BACKGROUND OF THE INVENTION

1. Field of the Invention

The present invention relates to an oil pump in which the number of teeth is increased to inhibit noise generation and durability is also improved.

2. Description of the Related Art

A problem associated with a rotor with a small number of teeth is that the discharge amount per one cell increases, thereby increasing pulsations, causing vibrations of the oil pump body and the like, and generating noise. A method of increasing the number of teeth is often used to reduce pulsations and inhibit noise. Japanese Patent Application Publication No. 2007-85256 describes the configuration in which the number of teeth is increased by comparison with that of the teeth with a typical toroidal profile.

In the configuration described in Japanese Patent Application Publication No. 2007-85256, the number of teeth is increased by reducing the so-called tooth size, which is a size from the tooth tip to the tooth bottom. Thus, the tooth profile described in Japanese Patent Application Publication No. 2007-85256 is squeezed radially with respect to the typical toroidal tooth profile. Because of such a profile, the region close to the dot-dash line (base circle A) shown in FIG. 1 of Japanese Patent Application Publication No. 2007-85256, that is, the intermediate region between the tooth tip and tooth bottom, protrudes circumferentially outward relative to other regions.

Since the inner rotor 10 and the outer rotor 20 should rotate without minimum limit cutting into each other, the respective outer teeth and inner teeth thereof have profiles that are hollowed out more than the usual tooth profiles. The outer teeth 11 of the inner rotor 10 disposed in the left-right direction in FIG. 1 of Japanese Patent Application Publication No. 2007-85256 and the inner teeth 21 (two teeth on the right side and one on the left side) of the outer rotor 20 are in contact, but other teeth, that is, the teeth disposed in two locations on the upper side and two locations on the lower side in FIG. 1, are not in contact and large gaps are opened therebetween.

The problem associated with the oil pump rotor of Japanese Patent Application Publication No. 2007-85256 having such a configuration is that since the number of outer teeth 11 of the inner rotor 10 and the number of inner teeth 21 the outer rotor 20 that are in contact with each other is small (three), larger stresses (forces) are generated in the contact portions and the durability of the rotor decreases.

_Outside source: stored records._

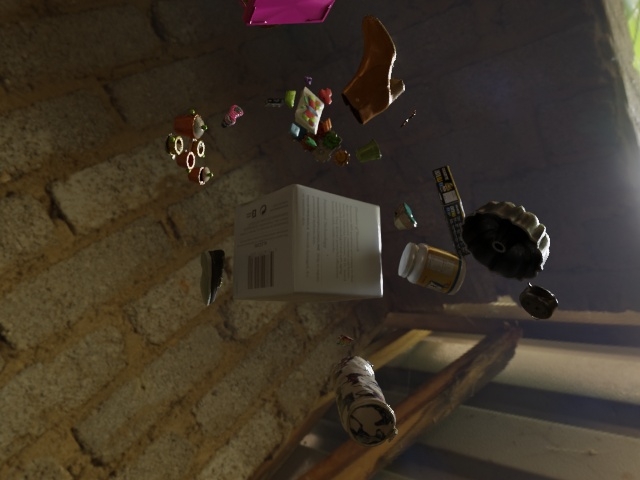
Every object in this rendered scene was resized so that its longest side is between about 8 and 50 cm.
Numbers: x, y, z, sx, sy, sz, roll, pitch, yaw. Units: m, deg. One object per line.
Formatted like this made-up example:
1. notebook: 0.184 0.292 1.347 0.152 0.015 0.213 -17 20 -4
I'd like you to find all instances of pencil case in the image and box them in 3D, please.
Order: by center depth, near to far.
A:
1. pencil case: 0.145 0.544 1.640 0.183 0.160 0.410 20 -175 -7

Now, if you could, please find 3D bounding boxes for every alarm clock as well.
1. alarm clock: 0.804 0.244 1.766 0.064 0.192 0.129 -42 -129 -18

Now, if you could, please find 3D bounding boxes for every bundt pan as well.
1. bundt pan: 0.688 -0.013 1.754 0.124 0.331 0.330 -43 -158 -23

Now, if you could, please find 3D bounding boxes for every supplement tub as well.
1. supplement tub: 0.385 0.093 1.644 0.199 0.144 0.144 17 -160 -1

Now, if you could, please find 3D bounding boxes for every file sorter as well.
1. file sorter: -0.051 -0.591 0.899 0.202 0.182 0.290 -20 166 -34

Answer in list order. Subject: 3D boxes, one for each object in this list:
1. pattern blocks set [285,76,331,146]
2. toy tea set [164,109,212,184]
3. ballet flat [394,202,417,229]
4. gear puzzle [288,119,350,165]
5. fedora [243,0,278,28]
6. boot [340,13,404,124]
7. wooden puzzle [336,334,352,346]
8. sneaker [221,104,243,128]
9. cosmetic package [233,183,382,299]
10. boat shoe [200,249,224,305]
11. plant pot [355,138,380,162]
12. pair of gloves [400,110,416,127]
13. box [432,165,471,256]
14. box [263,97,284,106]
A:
1. pattern blocks set: -0.050 -0.605 2.214 0.285 0.325 0.026 16 164 -42
2. toy tea set: -0.506 -0.366 1.943 0.124 0.336 0.200 6 -112 10
3. ballet flat: 0.454 -0.114 2.591 0.106 0.107 0.316 -39 -170 15
4. gear puzzle: 0.003 -0.491 2.382 0.175 0.339 0.044 -48 177 5
5. fedora: -0.231 -0.994 2.022 0.194 0.194 0.079 -23 -171 5
6. boot: 0.145 -0.542 1.536 0.211 0.295 0.104 -38 -148 -13
7. wooden puzzle: 0.097 0.406 1.909 0.049 0.083 0.006 -48 -144 15
8. sneaker: -0.318 -0.436 1.684 0.057 0.047 0.119 -34 -160 39
9. cosmetic package: -0.043 0.036 1.594 0.393 0.328 0.329 9 165 -42
10. boat shoe: -0.358 0.127 1.585 0.068 0.228 0.081 -14 -135 -31
11. plant pot: 0.182 -0.340 1.849 0.079 0.083 0.083 -23 -164 -5
12. pair of gloves: 0.388 -0.534 2.090 0.083 0.010 0.074 -41 -171 40
13. box: 0.578 -0.125 2.079 0.079 0.322 0.257 -18 -140 13
14. box: -0.183 -0.542 1.870 0.067 0.018 0.083 -4 -174 -20

In an oil pump with a tooth profile having a toroidal shape that has been widely used, the outer teeth of the inner rotor and the inner teeth of the outer rotor are all in contact with each other.

In other words, the problem associated with the decrease in rotor durability is not encountered when the tooth profile has a toroidal shape. Such a problem arises because not all of the teeth are in contact when a tooth profile of a non-toroidal shape is used as a measure to increase the discharge amount or efficiency.

SUMMARY OF THE INVENTION

It is an object of (a technical problem to be resolved by) the present invention to increase the number of teeth that are in contact, while using a non-toroidal shape, thereby decreasing stresses applied to the teeth and increasing the durability of the rotor.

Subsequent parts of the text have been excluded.